El 1 de junio de 1989 en Tierralta (Córdoba) murieron tres personas. Los asesinos se paseaban por las calles del pueblo, libres y sin que nadie los interrogara. Cuando el sacerdote Jesuita Sergio Restrepo Jaramillo se percató de la presencia de esos extraños, pidió saber quiénes eran. La policía los abordó y estos le mostraron un carné: Fuerzas Militares, decía. No se dijo más. No hubo preguntas ni aprehensiones. Horas después, al caer la tarde, Restrepo Jaramillo sería acribillado.

"Cuando nos lo mataron, el pueblo quedó en silencio.

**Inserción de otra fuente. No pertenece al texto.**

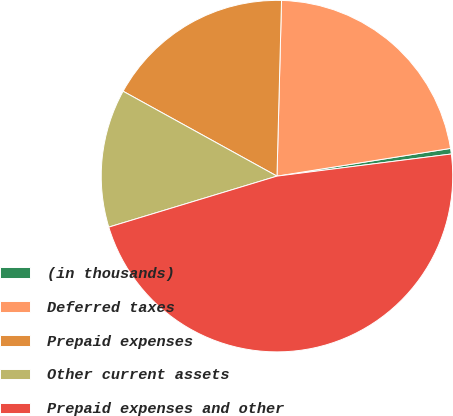Convert chart. <chart><loc_0><loc_0><loc_500><loc_500><pie_chart><fcel>(in thousands)<fcel>Deferred taxes<fcel>Prepaid expenses<fcel>Other current assets<fcel>Prepaid expenses and other<nl><fcel>0.51%<fcel>22.07%<fcel>17.39%<fcel>12.71%<fcel>47.33%<nl></chart>

La naturaleza ese día respondió, protestó porque pegó una brisa, un aguacero, relámpagos y truenos", dijo César Martínez Ángel, un habitante del pueblo, en el documental Fui a despedirme de las ceibas, que recoge la memoria de familiares, amigos y discípulos del padre Sergio Jaramillo, 30 años después de su asesinato.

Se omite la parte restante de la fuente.